Here’s how it seems to work in my life: Usually when you say good-bye to a friend, it’s a casual matter because it doesn’t occur to you that you might not see that certain someone again. It’s an à bientôt kind of thing . . . a term I remember from my high school French class. These are the few phrases I committed to memory even though I never got better than a C on a test.

À bientôt . . . see you soon.

À plus tard . . . see you later.

À demain . . . see you tomorrow.

À tout à l’heure . . . see you in a while.

When it comes to partings, the French are ever the optimists. My outlook is bleak. While my attention is fixed on the totally wrenching boo-hoo of an impending separation, the French language conveys hope and expectation, the happy assumption that in a short period of time, they’ll be bonjouring each other all over again. My lifelong “good-bye” experiences lean toward finality and pain. My parents died. My aunt died. My first husband died. I’m dead set (as it were . . .) against having a pet because the risk of loss would soar into the stratosphere and I’ve got troubles enough as it is.

After our last parting, I’d set Dietz out on the curb, metaphorically speaking, in hopes the alley fairies would come along and cart him away. It’s not that I never thought of him, but by and large, people in my life knew better than to mention his name. Now here he was again and I couldn’t figure out what was going on.

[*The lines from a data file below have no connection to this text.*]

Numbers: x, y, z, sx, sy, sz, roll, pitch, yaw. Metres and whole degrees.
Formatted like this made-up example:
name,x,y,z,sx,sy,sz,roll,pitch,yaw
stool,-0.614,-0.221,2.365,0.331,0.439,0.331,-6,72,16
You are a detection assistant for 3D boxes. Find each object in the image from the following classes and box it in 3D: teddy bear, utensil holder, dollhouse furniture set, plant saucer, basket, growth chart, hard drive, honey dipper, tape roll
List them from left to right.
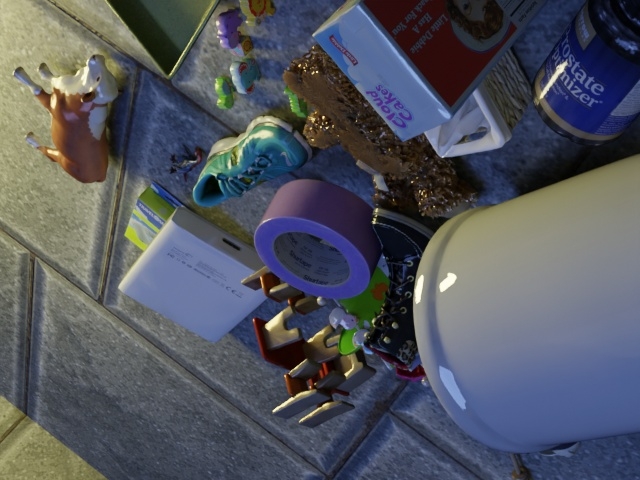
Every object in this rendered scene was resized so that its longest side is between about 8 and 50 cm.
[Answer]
name,x,y,z,sx,sy,sz,roll,pitch,yaw
plant saucer,-0.211,-0.358,1.507,0.188,0.045,0.188,52,130,14
hard drive,-0.232,0.075,2.051,0.233,0.047,0.353,31,147,-11
dollhouse furniture set,-0.029,0.199,1.847,0.135,0.262,0.259,-31,146,22
tape roll,0.000,0.000,1.627,0.189,0.080,0.189,17,144,13
teddy bear,0.093,-0.152,1.478,0.338,0.113,0.245,43,154,-18
growth chart,0.127,0.118,1.702,0.237,0.172,0.021,40,178,4
basket,0.172,-0.202,1.322,0.113,0.103,0.167,-7,124,48
honey dipper,0.342,0.382,1.899,0.030,0.030,0.161,6,131,40
utensil holder,0.352,0.069,1.264,0.327,0.327,0.385,49,144,-13

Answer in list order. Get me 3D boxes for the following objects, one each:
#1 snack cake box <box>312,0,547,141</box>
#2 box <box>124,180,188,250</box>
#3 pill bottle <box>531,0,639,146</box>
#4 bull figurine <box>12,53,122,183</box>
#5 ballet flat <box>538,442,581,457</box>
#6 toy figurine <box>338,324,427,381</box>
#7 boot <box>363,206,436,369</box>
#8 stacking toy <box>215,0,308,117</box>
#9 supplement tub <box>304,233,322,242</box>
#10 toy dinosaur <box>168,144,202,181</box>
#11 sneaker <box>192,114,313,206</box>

I pulled up in front of my studio apartment at 4:25. I grabbed my shoulder bag and duffel, locked my car, and made my way through the squeaky gate and around to my front door. I left my Smith-Corona in the trunk of my car, intending to take it into the office with me first thing Monday morning. There was no sign of Henry, but the backyard smelled of pot roast and freshly baked bread, both of which he does to perfection. I let myself in and carried my duffel up the spiral stairs to the loft. I’d been telling myself Dietz’s arrival didn’t matter one way or the other, but I postponed my official appearance at Henry’s door until I’d slipped into a change of clothes. I stuck to my standard outfit: black turtleneck, blue jeans, and boots. I didn’t want it to look like I was trying too hard. I skipped the makeup, which I seldom wore in any event. I did floss and brush my teeth, and then stared at myself in the bathroom mirror.

In novels, the protagonist is forever doing this because it affords the author an opportunity to describe the character’s physical traits. That ploy won’t work here because I always look exactly like myself. This can be discouraging. Sometimes when I’m standing in a supermarket checkout line, I’ll spot the cover of a tabloid magazine plastered with candid photos of well-known actresses the paparazzi have caught off guard. What a shock it is to see legendary beauties looking washed-out and furtive, with matted hair, puffy lids, and splotchy complexions; flaws made all the more alarming for the images we carry of them, creamy-skinned and doe-eyed with tresses artfully tousled and sprayed to a hard shine. My looks fall somewhere between the two extremes, but closer to the puffy end. To my credit, I don’t misrepresent my basic attributes with a lot of gunk. Anyone who’s startled to see me looking splotchy hasn’t been paying attention.